Some Westerners, inspired by religion, have also joined Christian militias such as Dwekh Nawsha, which operates alongside the peshmerga to protect Assyrian villages on the frontline in Nineveh province.

Cole said he was surprised how Daesh fighters – whose corpses he had photographed and posted to Instagram – had come from so many different countries.

“It’s fascinating, like a mini world war because you have all these people from everywhere coming to one centralised place to fight,” he said.

Kurdish officials have long pleaded with the West to provide the peshmerga with more direct support, and last week Washington pledged $415 million in aid.

The Kurdish authorities in Erbil have also increasingly pressed foreign governments to discourage their citizens from travelling to Iraq to join their ranks because they can become a liability.

Jabbar Yawar, secretary general of the peshmerga, said his ministry was not responsible for Western volunteers. “There is no formal body in the ministry of peshmerga that allows them or gives them permission,” he told Reuters.
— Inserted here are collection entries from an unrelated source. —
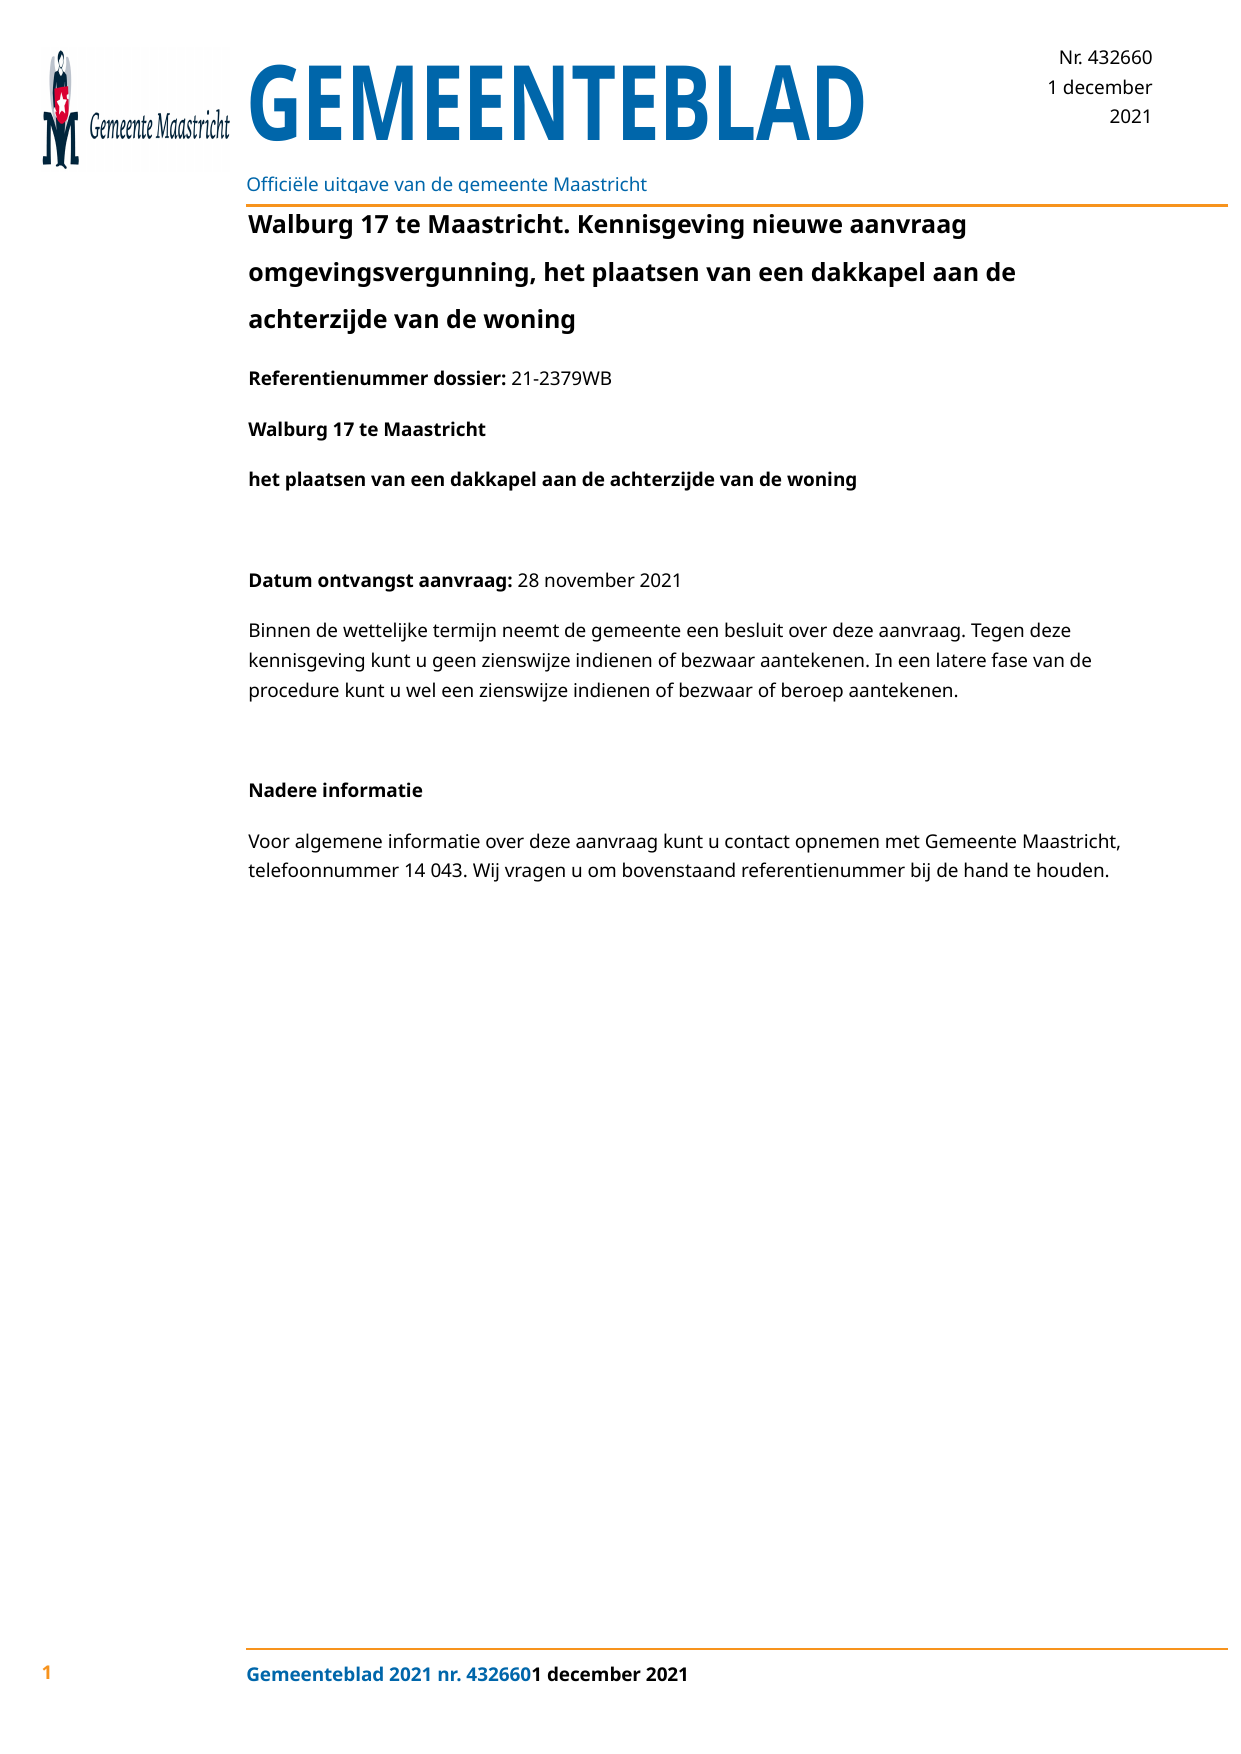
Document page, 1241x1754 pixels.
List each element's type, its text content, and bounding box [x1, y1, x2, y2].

text Referentienummer dossier: 21-2379WB [248, 366, 1152, 391]
text Binnen de wettelijke termijn neemt de gemeente een besluit over deze aanvraag. Tegen deze kennisgeving kunt u geen zienswijze indienen of bezwaar aantekenen. In een latere fase van de procedure kunt u wel een zienswijze indienen of bezwaar of beroep aantekenen. [248, 618, 1152, 702]
text Walburg 17 te Maastricht [248, 416, 1152, 442]
picture [41, 47, 231, 172]
text Datum ontvangst aanvraag: 28 november 2021 [248, 567, 1152, 593]
text Nadere informatie [248, 778, 1152, 803]
text Voor algemene informatie over deze aanvraag kunt u contact opnemen met Gemeente Maastricht, telefoonnummer 14 043. Wij vragen u om bovenstaand referentienummer bij de hand te houden. [248, 828, 1152, 883]
text het plaatsen van een dakkapel aan de achterzijde van de woning [248, 466, 1152, 492]
text Walburg 17 te Maastricht. Kennisgeving nieuwe aanvraag omgevingsvergunning, het plaatsen van een dakkapel aan de achterzijde van de woning [248, 207, 1152, 336]

O’Leary acknowledged that the ministry was pushing out many Westerners, whose number he estimated was now less than 40 and included criminals and troublemakers.

“One got kicked out of a unit two days ago. They booked him a one-way ticket back home,” he said. “He didn’t understand the culture.”

O’Leary plans to stay on past the campaign for Mosul, expecting the peshmerga to face a new confrontation with Shi’ite militias over disputed boundaries of the Kurdish region.

“I don’t really have a timeframe,” he said during a recent overnight watch duty less than a kilometre from Daesh positions.